A Data-Based Approach to Social Influence Maximization (1109.6886v1)

Abstract: Influence maximization is the problem of finding a set of users in a social network, such that by targeting this set, one maximizes the expected spread of influence in the network. Most of the literature on this topic has focused exclusively on the social graph, overlooking historical data, i.e., traces of past action propagations. In this paper, we study influence maximization from a novel data-based perspective. In particular, we introduce a new model, which we call credit distribution, that directly leverages available propagation traces to learn how influence flows in the network and uses this to estimate expected influence spread. Our approach also learns the different levels of influenceability of users, and it is time-aware in the sense that it takes the temporal nature of influence into account. We show that influence maximization under the credit distribution model is NP-hard and that the function that defines expected spread under our model is submodular. Based on these, we develop an approximation algorithm for solving the influence maximization problem that at once enjoys high accuracy compared to the standard approach, while being several orders of magnitude faster and more scalable.

• The paper introduces a novel credit distribution model that utilizes past propagation data to eliminate the need for costly Monte Carlo simulations.
• It proves the NP-hardness of influence maximization and shows that the influence spread function is submodular, enabling a (1−1/e)-approximation algorithm.
• Empirical results demonstrate that the greedy algorithm with CELF optimization outperforms traditional IC and LT models in both speed and prediction accuracy.

A Data-Based Approach to Social Influence Maximization

The paper "A Data-Based Approach to Social Influence Maximization" by Goyal, Bonchi, and Lakshmanan proposes a novel approach to tackle the challenge of influence maximization in social networks—a key concept with applications in viral marketing, personalized recommendations, and social media analysis. This work diverges from traditional methodologies that rely exclusively on social graph structures, introducing a novel data-driven model that capitalizes on historical propagation data.

Key Contributions

1. Credit Distribution Model: The authors introduce the credit distribution (CD) model, which leverages traces of past action propagations to estimate influence spread directly. This model eliminates the need to learn separate edge probabilities or perform costly Monte Carlo (MC) simulations that are typical of traditional models like the Independent Cascade (IC) and Linear Threshold (LT) models.
2. Theoretical Insights: The paper demonstrates that the influence maximization problem under the CD model is NP-hard. Importantly, they establish that the function defining influence spread is submodular, allowing the development of an approximation algorithm with a theoretical guarantee of a (1−1/e)-approximation to the optimal solution.
3. Empirical Evaluation: Through comprehensive experiments, the paper provides evidence that methods not leveraging real propagation data can result in poor seed set selection and large prediction errors. In contrast, the CD model yields better accuracy and scalability, outperforming IC and LT models in predicting actual spread.
4. Algorithmic Efficiency: The proposed greedy algorithm, enhanced by a CELF optimization strategy, significantly reduces computation time, making it several orders of magnitude faster than MC simulation-based methods. This efficiency is achieved without sacrificing accuracy, as indicated by real-world datasets.

Implications and Future Directions

This paper's implications are multifaceted. Practically, the CD model offers a scalable solution to influence maximization, applicable to large networks where standard approaches become impractical. Theoretically, this work suggests that incorporating real propagation data yields more reliable outcomes and challenges the prevailing reliance on solely graph-based models.

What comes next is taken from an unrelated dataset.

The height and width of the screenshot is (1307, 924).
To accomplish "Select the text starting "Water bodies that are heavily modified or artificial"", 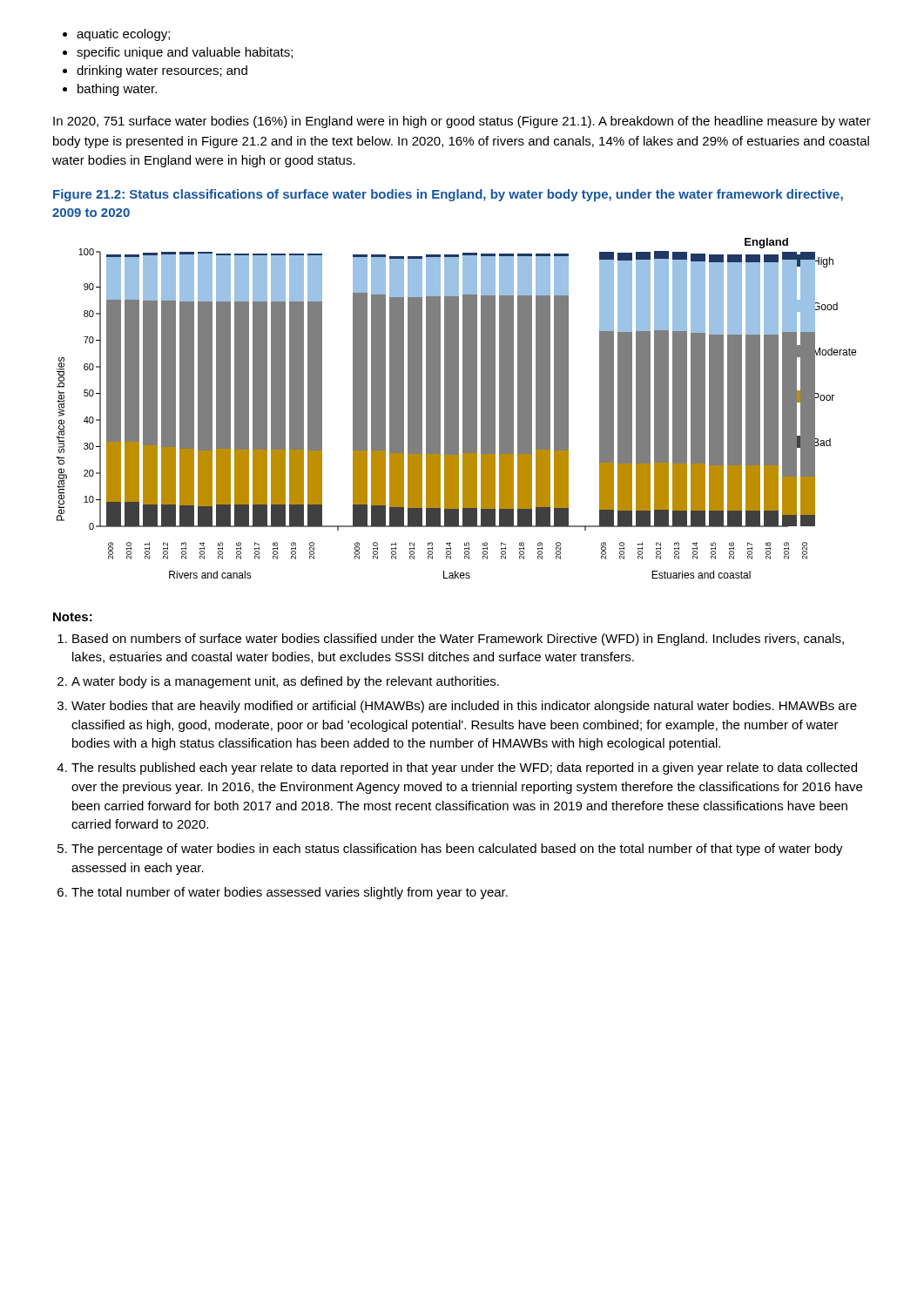I will pos(464,724).

Speculatively, future developments could explore hybrid models that combine graph-based insights with propagation trace data, potentially enhancing predictive accuracy further. Additionally, extending this model to dynamically evolving networks could provide valuable insights into influence spread in rapidly changing environments, such as emerging social platforms.

Conclusion

Goyal et al. present a compelling case for a data-driven approach to influence maximization. By directly integrating historical propagation data, the CD model not only enhances prediction accuracy but also ensures scalability and efficiency. This model invites a re-evaluation of existing influence maximization strategies and offers a strong foundation for subsequent research in the domain of social network analysis.